**Prompt**
A stretch of the entries below is to be set down exactly, running from the line with "forklift (1868,199,1887,206)" through the line with "person (481,275,529,439)", both included, and no other line.

[Collected data]
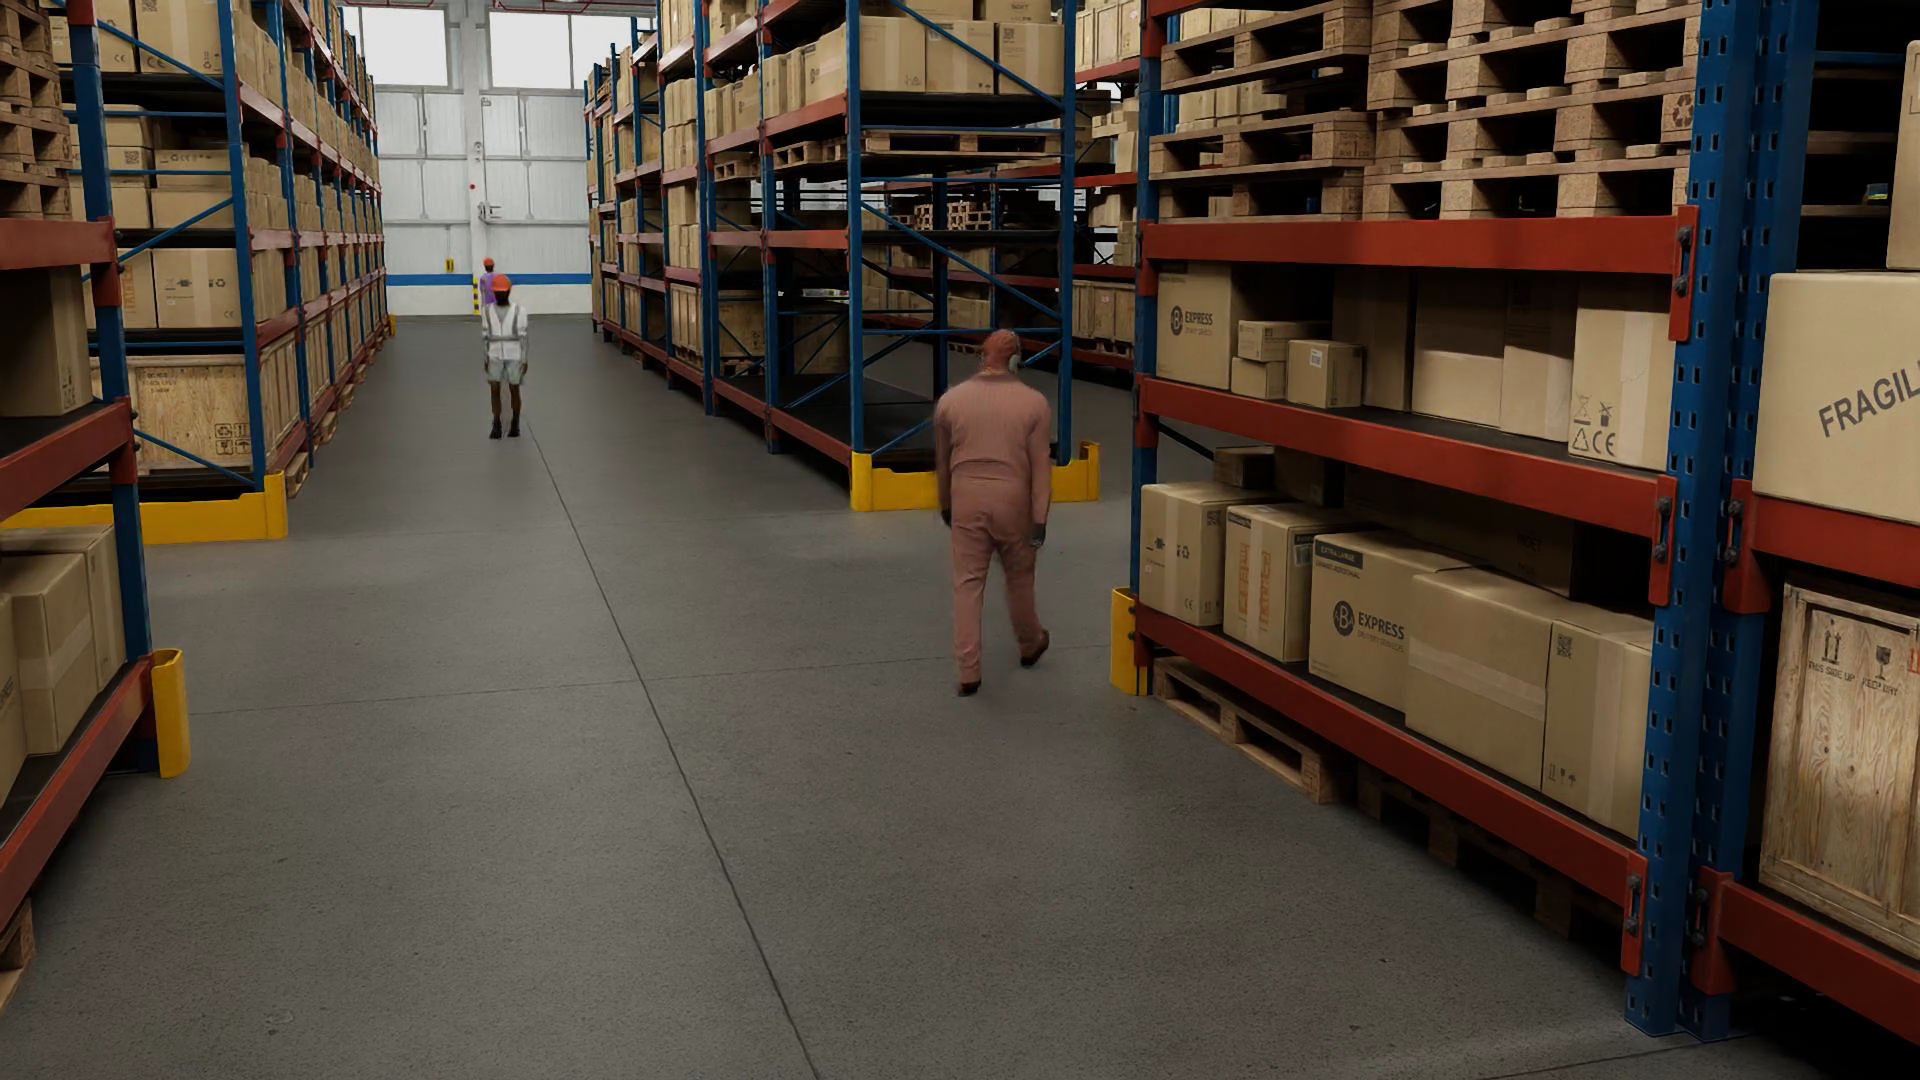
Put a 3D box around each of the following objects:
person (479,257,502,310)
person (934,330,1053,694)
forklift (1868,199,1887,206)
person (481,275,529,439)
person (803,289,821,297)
[{"bbox_3d":[-9.930,-5.046,35.364,0.561,1.922,0.537,-7,12,-32],"label":"person"},{"bbox_3d":[0.194,-0.173,8.807,0.666,1.854,0.963,3,11,14],"label":"person"},{"bbox_3d":[11.338,-2.915,21.052,1.129,2.768,1.873,-3,11,-17],"label":"forklift"},{"bbox_3d":[-5.297,-2.114,19.334,0.564,1.897,0.845,0,10,-3],"label":"person"},{"bbox_3d":[-3.614,-5.903,40.569,0.501,1.726,0.531,1,10,6],"label":"person"}]

**Written reply**
forklift (1868,199,1887,206)
person (481,275,529,439)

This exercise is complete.